When I started being a cop I carried a 6 shot revolver and 6 extra rounds in a pouch. I have 3 times as much ammo in my BHP (18) plus 2 extra mags, 5 in the 940 and 2 extra moon clips (they carry nicely in an old speedloader pouch one atop the other), and if I need to I can reload the 940 from a BHP mag-hell getting the empties out though.
Just to get some of the kids on the job looking I carried my 547 4" a few times, it really got their attention, one of them asked me if I used to be a cowboy!
Just the info and interest in a fairly obscure revolver as on this thread is indicative of the quality of the folks here.
Thanks for being around guys (and gals if you are here-I am getting very PC in my old age).
 
I bought my 3 inch M-547 NIB in April, 1983. A local sporting goods store had them on sale and I paid $284.45 for mine, including about a 6.5% sales tax.

I shot it a fair amount at first. I got some HKS speed loaders for it but never used it for anything but plinking. It shot well with everything I tried in it. I had briefly, before this, owned a 9mm Ruger Speed-Six (I think it was) that used a stretched coil spring around the ejector star to extract cases, but the last one or two rounds were hard to insert and they didn't always empty after shooting them, either. The S&W arrangement was a far superior if somewhat more complex system to shoot the 'rimless' autopistol cartridges.

A fellow I used to run into at a local range saw mine the first time I shot it and ran down to the same store and bought their last 4 incher. The guy was a huge 9mm fan and brought 9mm reloads and milsurp ammo to the range by the bucket-full. I ran into him a few times a year for quite a while, and he always had the M-547 and a very pretty, engraved Browning High Power with him. It was common for him to fire 500 rounds or more in an afternoon. We kept waiting for the ejector mechanism of the revolver to fail, but it never did. He had fired thousands of rounds through the S&W by the last time I saw him.
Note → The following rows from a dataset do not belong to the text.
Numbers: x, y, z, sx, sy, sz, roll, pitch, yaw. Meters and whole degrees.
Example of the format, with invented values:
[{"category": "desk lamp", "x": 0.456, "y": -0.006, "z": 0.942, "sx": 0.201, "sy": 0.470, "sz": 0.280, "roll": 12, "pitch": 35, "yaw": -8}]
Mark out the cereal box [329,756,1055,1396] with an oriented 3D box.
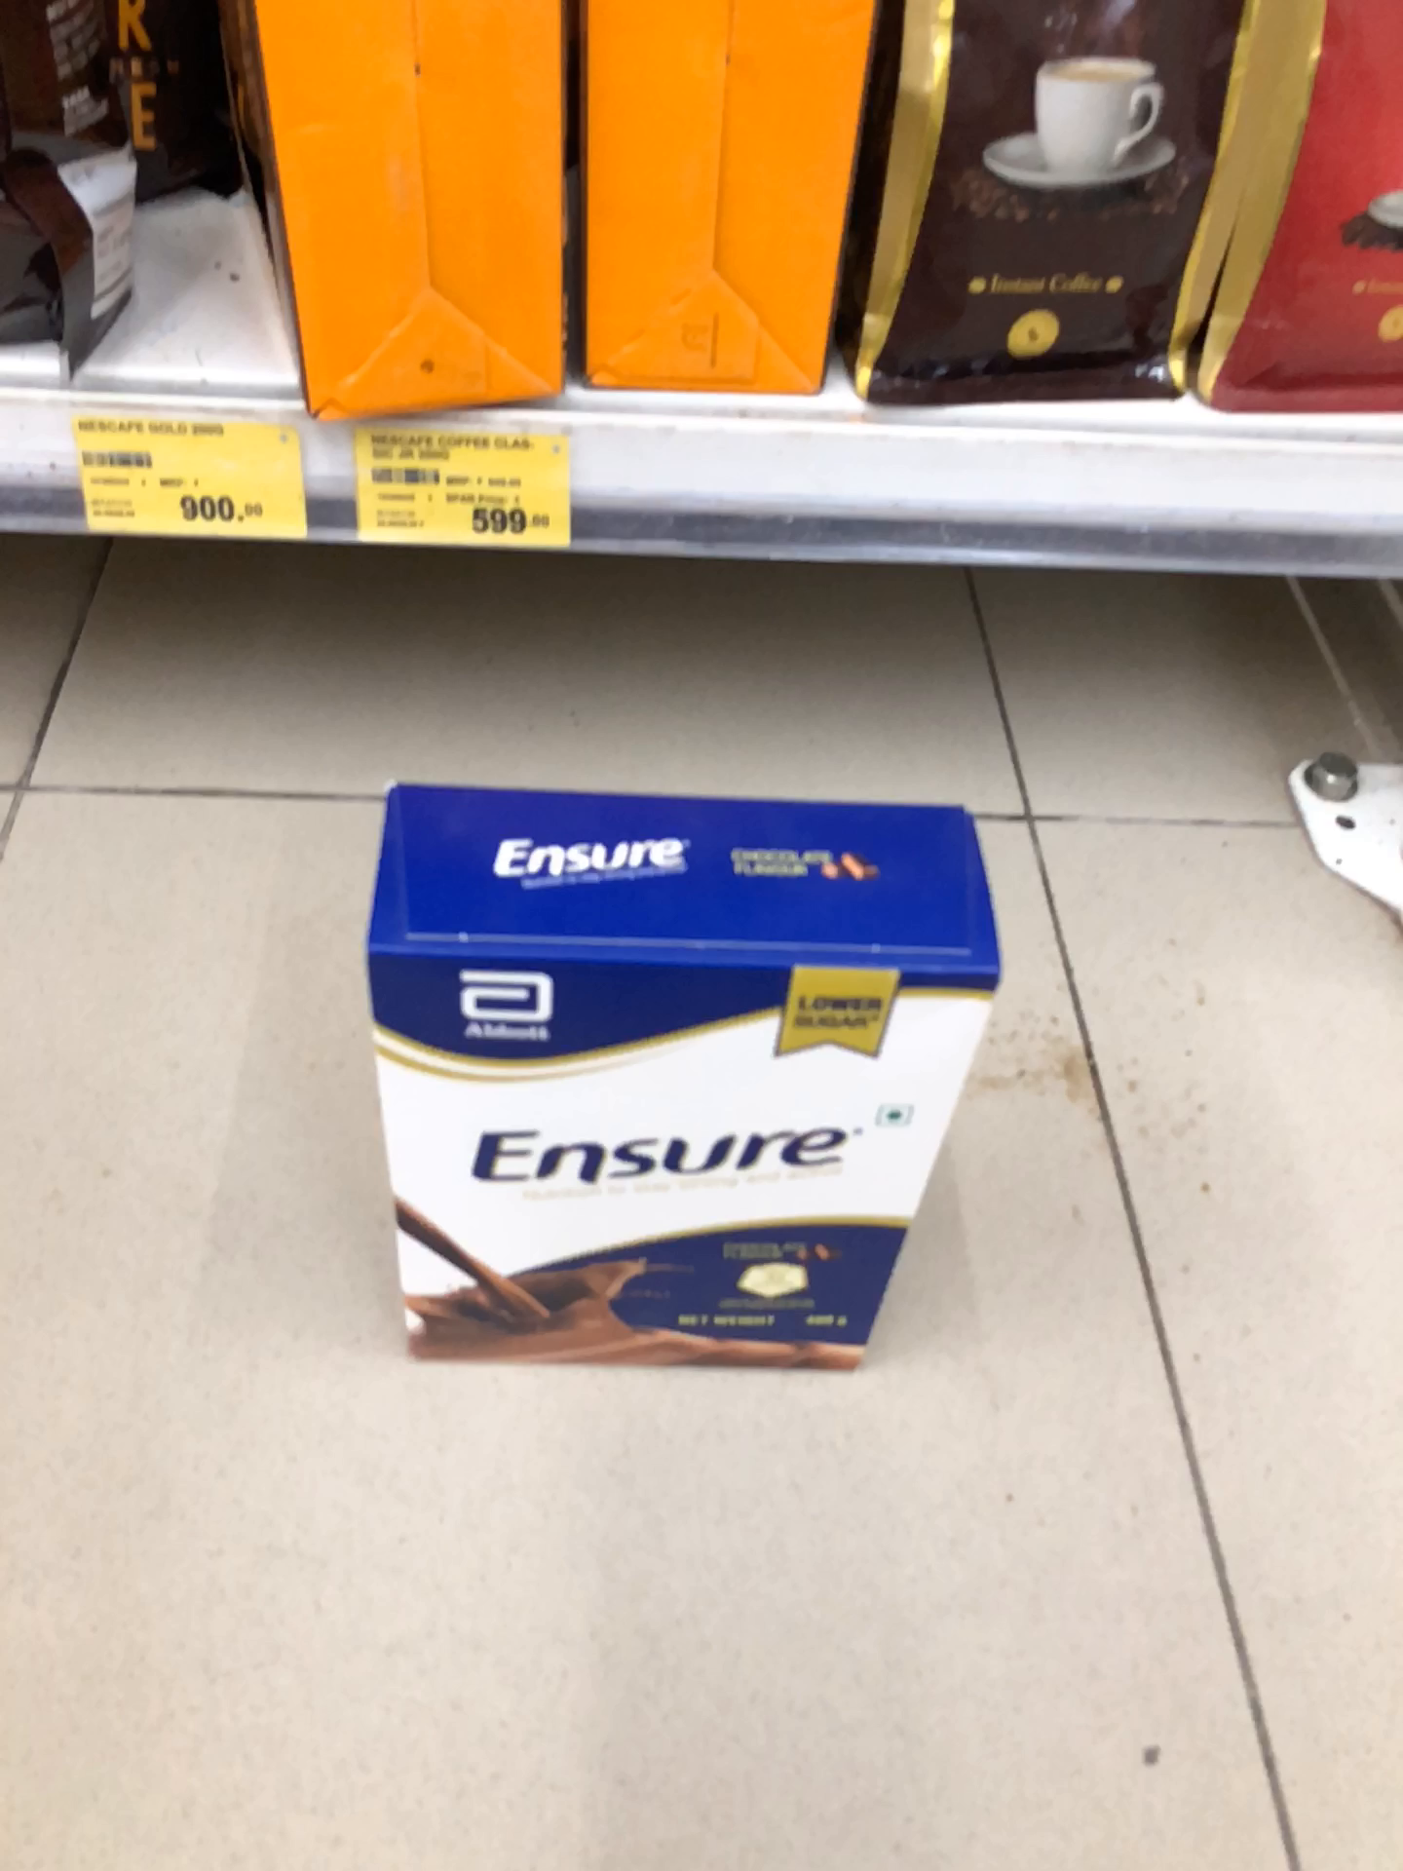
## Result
[{"category": "cereal box", "x": -0.006, "y": 0.046, "z": 0.383, "sx": 0.140, "sy": 0.179, "sz": 0.060, "roll": 3, "pitch": 49, "yaw": -2}]

One day he had some imported, high pressure 9mm mil surplus ammo he said had been sold as suited for blow-back operated submachineguns, not handguns. He shot some in an old Star B, and it kicked quite hard. He then shot 6 rounds in the M-547. He said it kicked as hard as a Model 19 loaded with Magnum ammo, if not harder. Then he tried to eject the brass. It wouldn't. He tried pushing the ejector rod against the bench top. Nada. He finally borrowed a hard plastic mallet from another shooter and began to beat the rod back! The fingers of the ejector tore through the brass cartridge case rims without moving them! The primers were as flat as any I had ever seen in a handgun. Those cases were stuck!
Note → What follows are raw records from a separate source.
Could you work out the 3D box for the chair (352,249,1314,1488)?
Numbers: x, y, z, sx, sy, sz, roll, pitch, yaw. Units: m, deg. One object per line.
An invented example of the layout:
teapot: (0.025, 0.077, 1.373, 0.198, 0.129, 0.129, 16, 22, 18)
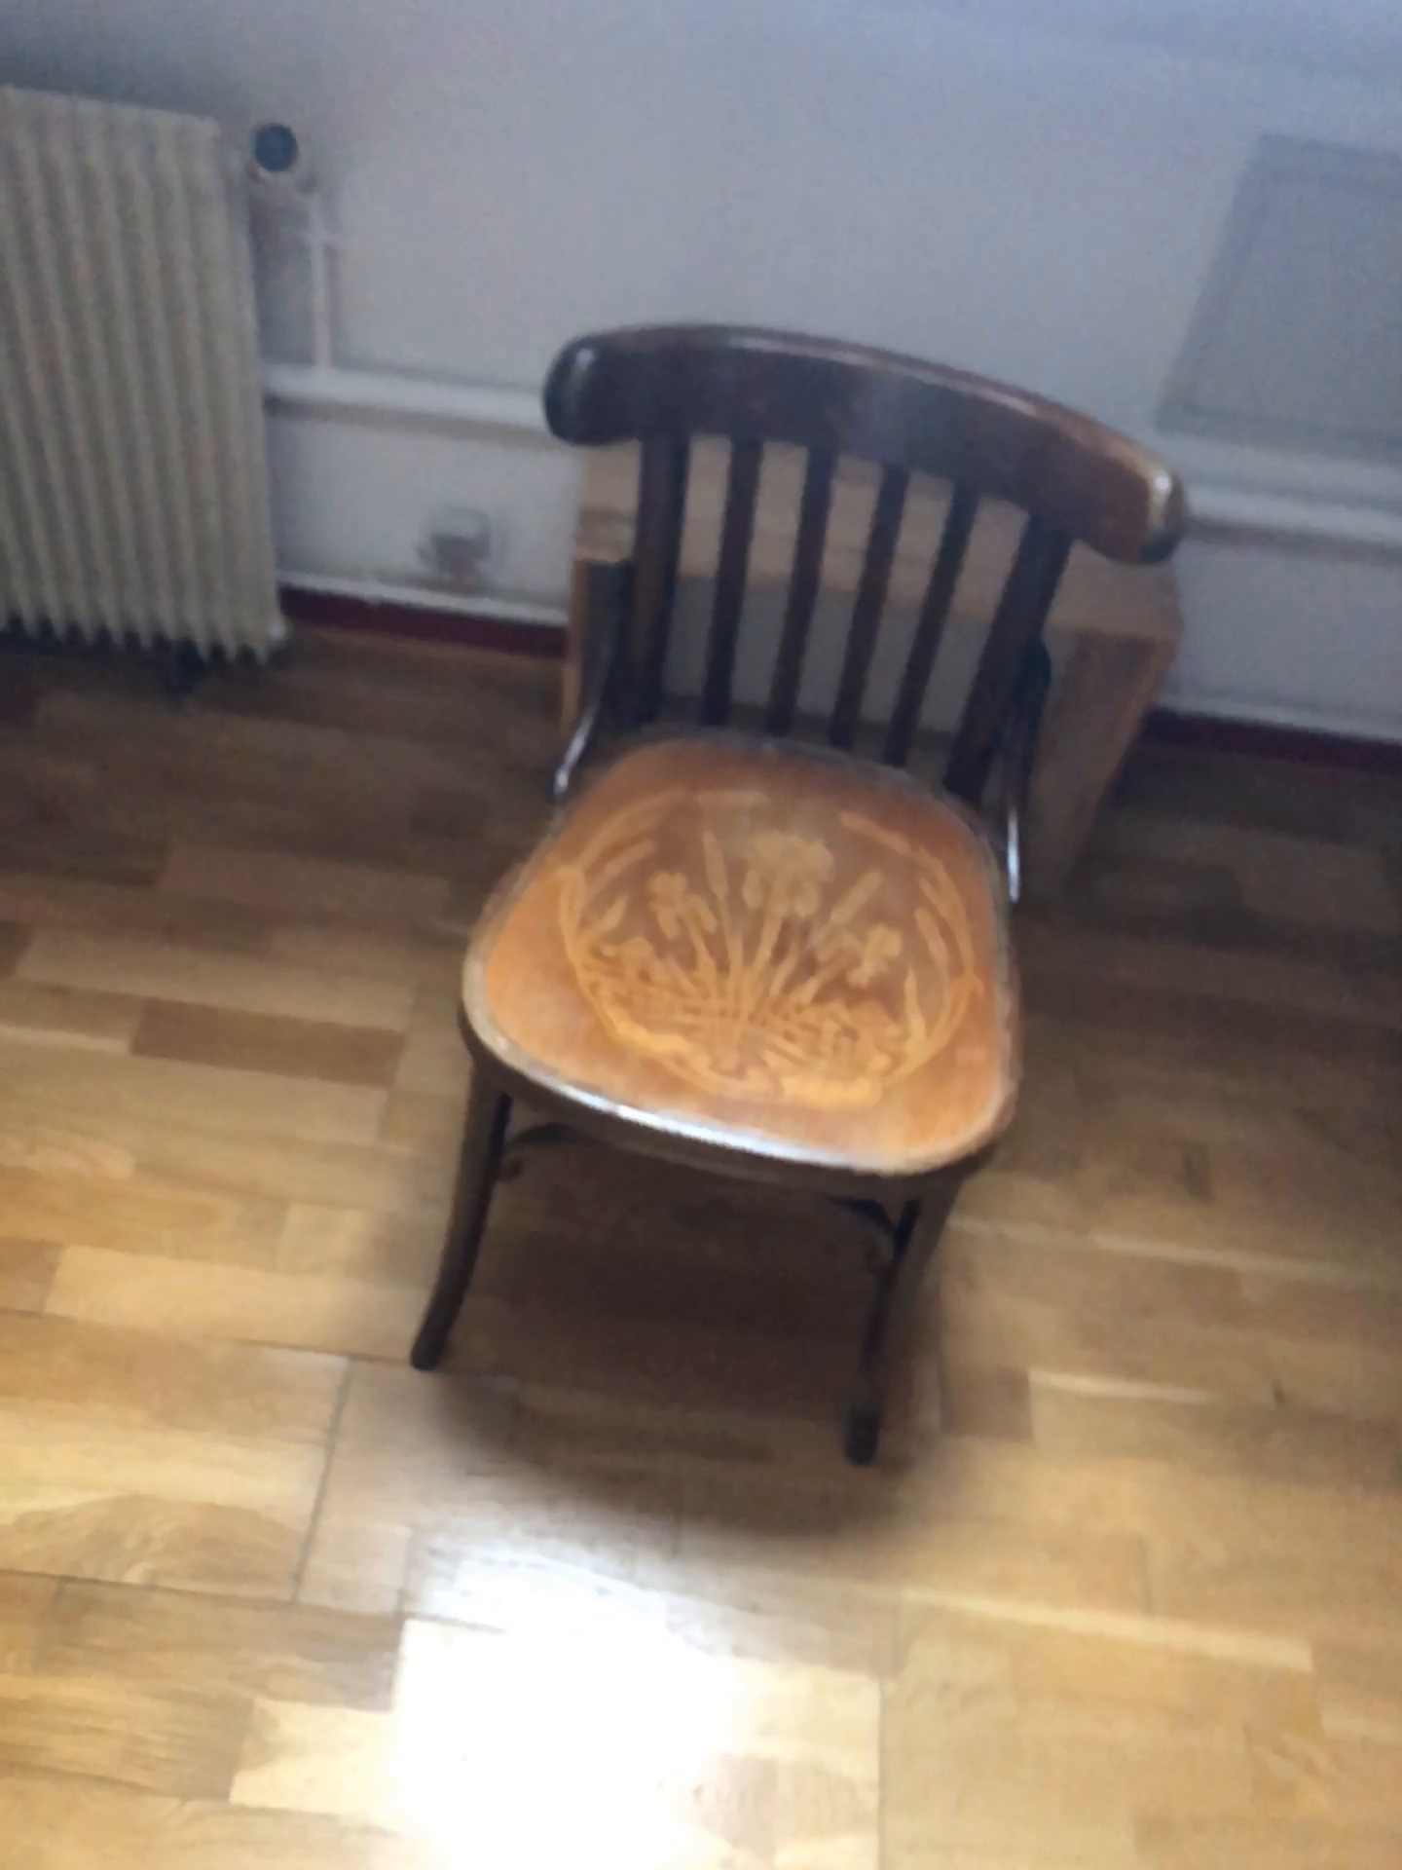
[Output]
chair: (0.043, 0.006, 1.112, 0.442, 0.737, 0.414, 12, 48, 0)

He told me that he later took the cylinder out of the revolver at home and soaked it in penetrating oil, then drilled a hole in a block of hardwood and used a brass punch and hammer to drive each spent case from each chamber, using the block as a sort of anvil.

That ejector system is pretty rugged!

S&W had discontinued the Model 25-2 1955 Target in .45 ACP by then. When I saw the new Model 547, with the unique ejector and extra "limit pin" (what the second 'firing pin' is called), and how well it worked, I thought, and hoped, that S&W might use this new system for their next series of .45 ACP revolvers, instead of moon clips. I was slightly disappointed when the Model 625-2 was introduced with a conventional moon clip-based ammo extraction system.
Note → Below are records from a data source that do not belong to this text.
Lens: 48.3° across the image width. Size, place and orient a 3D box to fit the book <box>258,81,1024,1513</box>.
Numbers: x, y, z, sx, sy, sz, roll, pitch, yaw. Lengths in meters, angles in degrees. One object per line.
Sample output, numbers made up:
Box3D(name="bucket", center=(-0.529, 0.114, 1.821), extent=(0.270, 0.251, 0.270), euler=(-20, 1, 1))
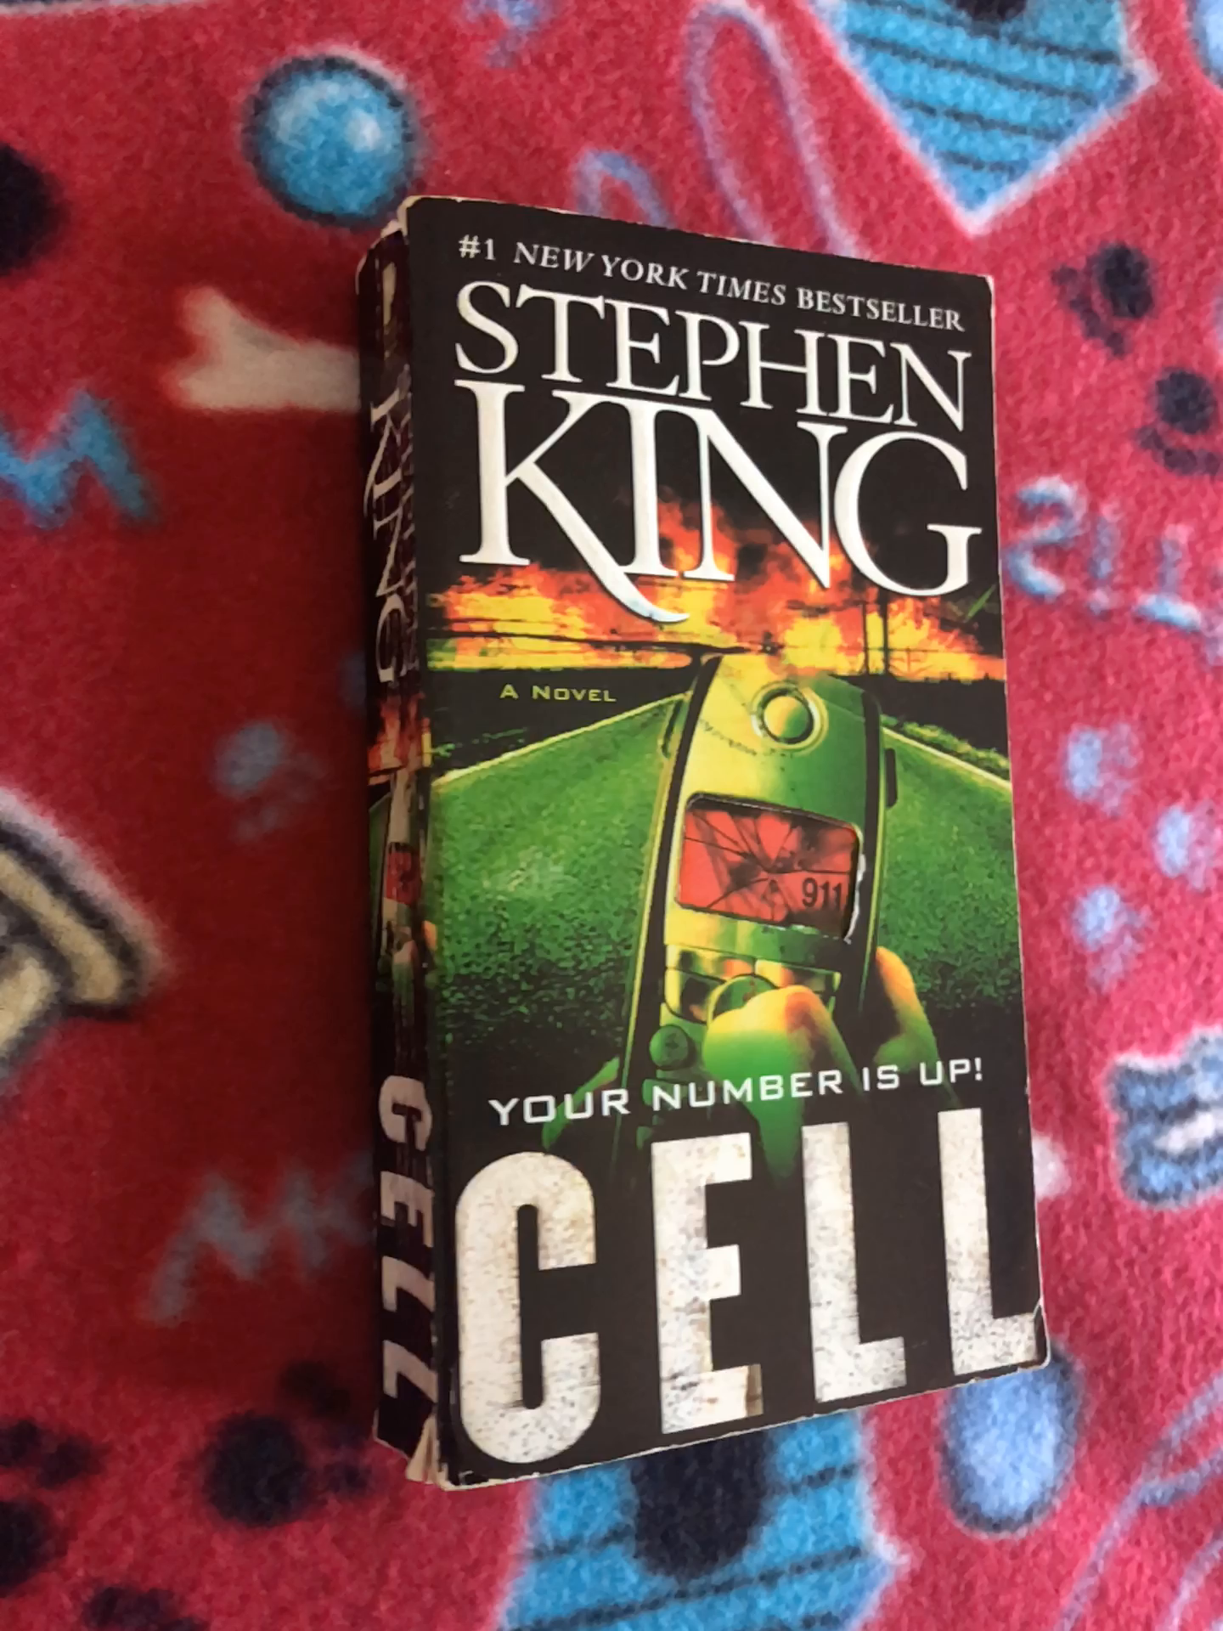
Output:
Box3D(name="book", center=(0.006, -0.006, 0.229), extent=(0.120, 0.030, 0.200), euler=(0, 85, -26))

I bet that the Model 547 was one batch of handguns that S&W made no money on. The development of the system and the extra manufacturing steps needed over the same gun in a conventional revolver round must have been expensive.

Dick Metcalf was a writer for SHOOTING TIMES magazine in the 1970's and 1980's. He wrote the evaluation article for the then-new Model 547 and was very complementary about the new sixgun. He was impressed with the accuracy he got from his sample and wrote about perhaps adding a S&W click-adjustable "Target" rear sight assembly to his, to wring a bit more precision from his. I don't remember reading if he ever did.

Undoubtedly, the Model 547 9mm M&P is one of the most interesting revolver variations that Smith & Wesson has ever manufactured.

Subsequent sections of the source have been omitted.